Leonard Nimoy managed to not screw up his first feature length film like I remember most people thinking he would. He has an eye for detail, isn’t afraid to go to dark places to tell the story and apparently has a knack for getting his actors to give their all (duh!). This movie not only made him a sought after director during the 80s, but kept the franchise on track.

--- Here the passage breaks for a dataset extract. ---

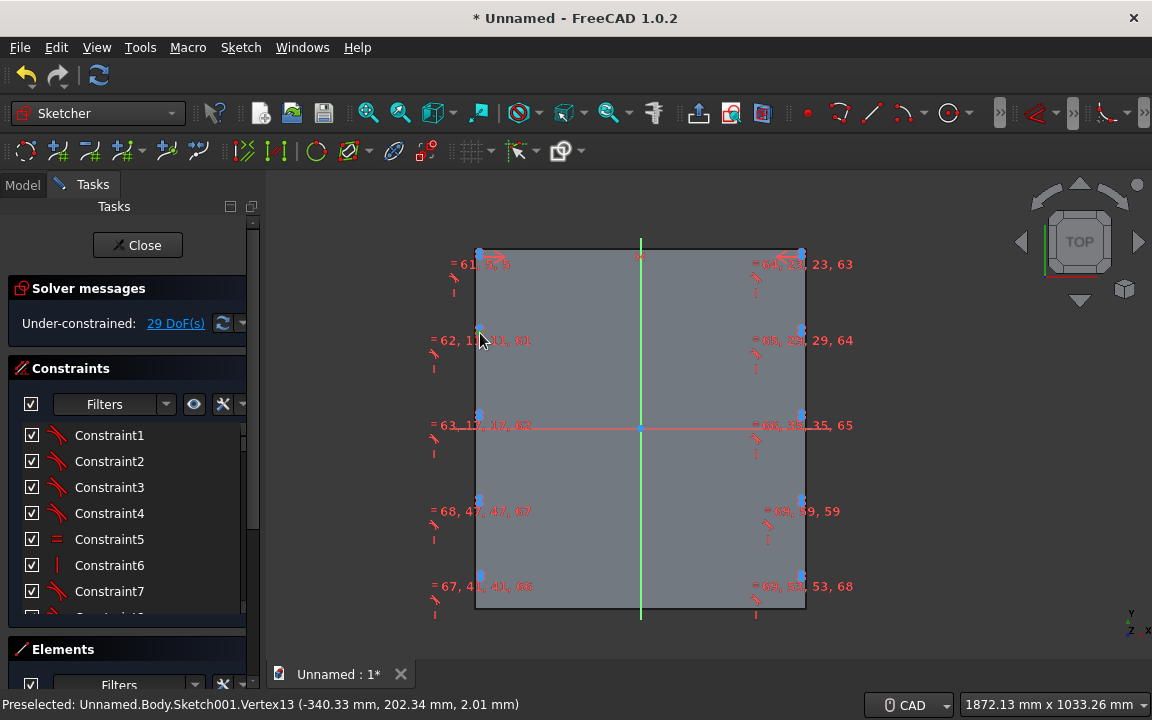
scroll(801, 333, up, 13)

There are some issues I have to bring up because this flick is far from the masterpiece that The Wrath of Khan was. Pacing is a definite issue. The film sags in the middle with most of the Genesis stuff since the idea of the planet itself being linked to Spock returning to life is kind of dumb and hokey. Also, David is made to look like a massive hypocrite after revealing that he “cheated” while creating the Genesis Device. A lot of the plot developments seem ultra-convenient, especially when Kirk and crew show up on the Genesis planet just as Spock reaches the age he was when he died. The mega histrionic finale is a little overdone as well.

I also have to mention that James Horner turned in another fantastically epic score here. I remember being extremely disappointed that he didn’t return for the following film, especially since it closes out the “trilogy”. Some musical continuity through all three films would have been amazing.
Star Trek III: The Search for Spock isn’t as awesome as Star Trek II, but it’s not too shabby on its own. There are some great character moments and a lot of developments reminded me of the original series. It’s a moody and flawed sci-fi yarn that is entertaining and fun, but it could have been a whole lot better. Still, I like it a whole lot.